If a record contains a picture, drop the picture and copy everything else exactly.
────────────────────────────────────────
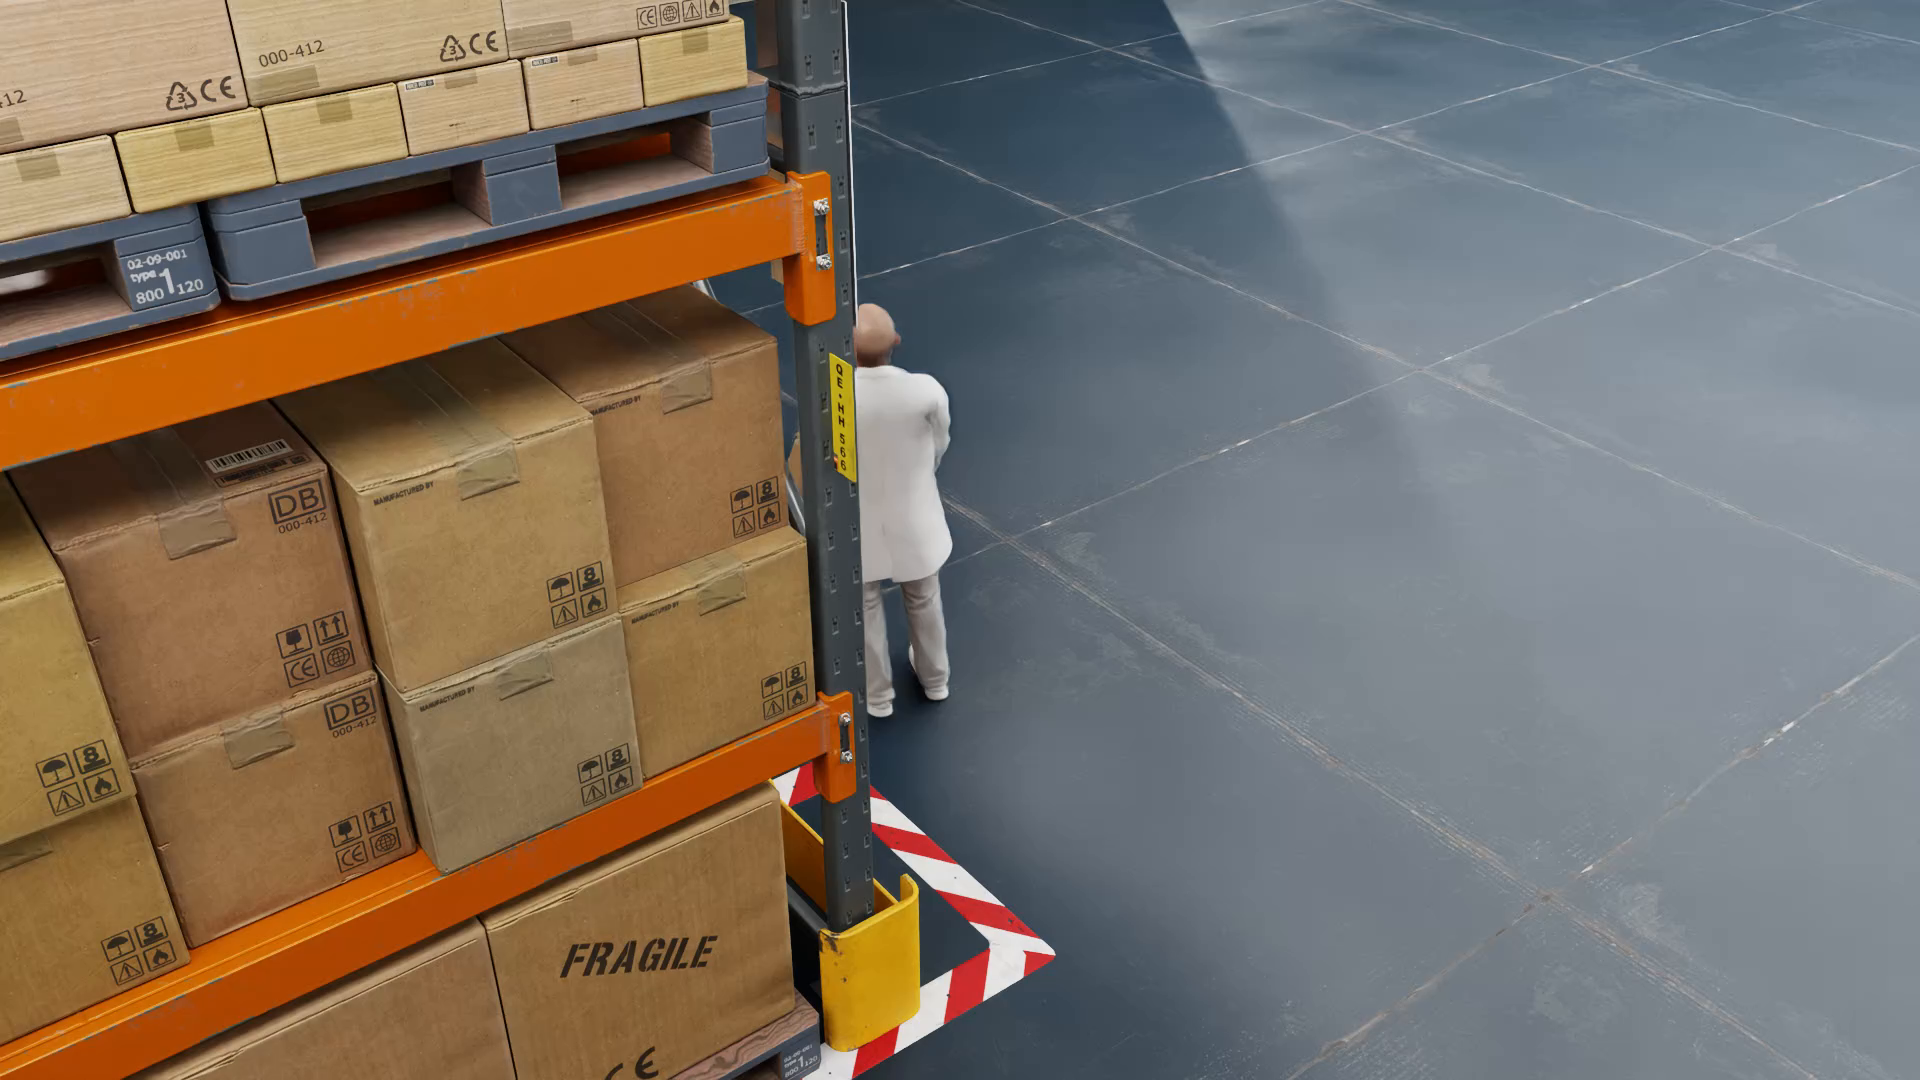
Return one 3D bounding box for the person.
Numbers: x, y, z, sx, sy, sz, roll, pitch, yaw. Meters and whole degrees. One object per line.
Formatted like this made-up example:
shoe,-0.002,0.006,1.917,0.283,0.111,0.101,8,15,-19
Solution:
────────────────────────────────────────
» RESULT FOR THIS TASK
Return one 3D bounding box for the person.
Numbers: x, y, z, sx, sy, sz, roll, pitch, yaw. Meters and whole degrees. One object per line.
Formatted like this made-up example:
shoe,-0.002,0.006,1.917,0.283,0.111,0.101,8,15,-19
Solution:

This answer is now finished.